木板床惨叫一声,但还是挺住了,凌等闲望着天花板明白了自己刚才是在做梦,把自己穿越前的那次运动会和惊险遭遇揉到了一起。
“确实挺后怕的……”门外的风进来溜了一圈又从窗户溜走,让他刚睡醒的脑子清醒了不少,然后,他就意识到了不对劲的地方:门我不是关好了吗?我这儿咋还漏风呢?
“那个,你是在叫我吗?刚刚。”女孩的声音有些迟疑,但很清晰。
在少年的巨大应激反应之下,可怜的木板终究还是发出了一声不堪重负的惨叫就此裂开。
“疼疼疼……”凌等闲和被单相互拉扯,最后在风笛的帮助下成功挣脱。
“当初为什么不用结实一点的材料啊。”
“合适大小的木板不好找啊……谢谢了。”
“所以你刚刚是在喊我吗?”风笛不忘初心。
“……算,算是吧。”凌等闲尴尬捂脸,梦里喊女孩子的昵称什么的,光是听听就难为情到家了。

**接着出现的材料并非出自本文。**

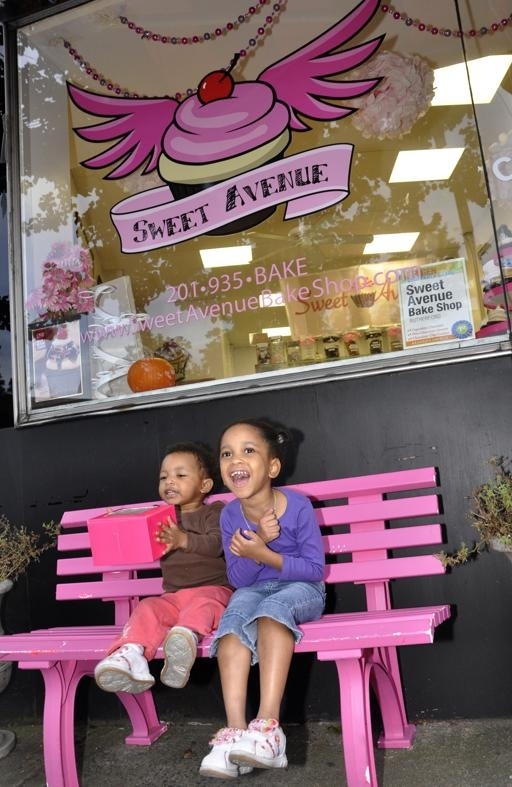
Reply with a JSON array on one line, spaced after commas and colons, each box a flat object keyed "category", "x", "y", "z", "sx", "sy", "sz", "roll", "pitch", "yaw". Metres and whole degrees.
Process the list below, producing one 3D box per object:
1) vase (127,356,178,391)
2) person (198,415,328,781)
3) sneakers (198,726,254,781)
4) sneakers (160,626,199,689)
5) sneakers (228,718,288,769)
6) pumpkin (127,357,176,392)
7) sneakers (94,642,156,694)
[{"category": "vase", "x": -0.483, "y": -0.085, "z": 2.532, "sx": 0.158, "sy": 0.158, "sz": 0.164, "roll": 1, "pitch": 3, "yaw": 5}, {"category": "person", "x": 0.024, "y": 0.453, "z": 1.420, "sx": 0.309, "sy": 0.737, "sz": 0.769, "roll": -5, "pitch": 2, "yaw": 5}, {"category": "sneakers", "x": -0.056, "y": 0.712, "z": 1.117, "sx": 0.061, "sy": 0.077, "sz": 0.174, "roll": -2, "pitch": -25, "yaw": 12}, {"category": "sneakers", "x": -0.188, "y": 0.657, "z": 1.381, "sx": 0.075, "sy": 0.159, "sz": 0.071, "roll": 7, "pitch": 9, "yaw": 7}, {"category": "sneakers", "x": 0.008, "y": 0.679, "z": 1.080, "sx": 0.055, "sy": 0.072, "sz": 0.154, "roll": -6, "pitch": -30, "yaw": 20}, {"category": "pumpkin", "x": -0.485, "y": -0.082, "z": 2.533, "sx": 0.161, "sy": 0.161, "sz": 0.168, "roll": 1, "pitch": 3, "yaw": 3}, {"category": "sneakers", "x": -0.308, "y": 0.656, "z": 1.326, "sx": 0.079, "sy": 0.087, "sz": 0.179, "roll": 9, "pitch": -31, "yaw": 8}]

“笛子……也不错啊,我不介意哦!”风笛依旧灿烂,“下次见到陈陈也让她这么叫好了!”
我觉得她也会难为情到爆的。
凌等闲挠了挠头,他没把那句话说出来,毕竟风笛还没跟他说陈的事,也就提了次她有个炎国龙门的大学同学,不然又不好解释了。
“好了小闲——”
“对了笛子——”
两人面面相觑,风笛歪头:“怎么了?”
“我昨晚……”凌等闲简述了自己昨晚遇袭的经历,风笛的表情一点一点地变得凝重,认真地听着他的讲述。
“……然后我就在附近的草丛里找到了这把剑。”凌等闲说着指了指靠在一边的剑。
“唔,这事很奇怪,你说的那个人看起来好像已经在镇上潜伏了一段时间了,可是那家伙的目的又是什么……是你?
“他又要确定什么?哦对了那家伙是男是女?”
“嗯?这个,那个声线应该是女的吧?不大可能是娘炮。”
“凉……炮?”风笛一脸困惑,“那是什么意思?”
“就是说话娇声娇气的男人。”
“娇声……娇气?”
“咳,抱歉,更正一下,‘娘炮’是指在某些方面女性化的男性。‘娇声娇气’是指说话娇滴滴。”凌等闲认真道。
“又懂了好多东西——诶不对!回到正题!袭击的人是女性对吧?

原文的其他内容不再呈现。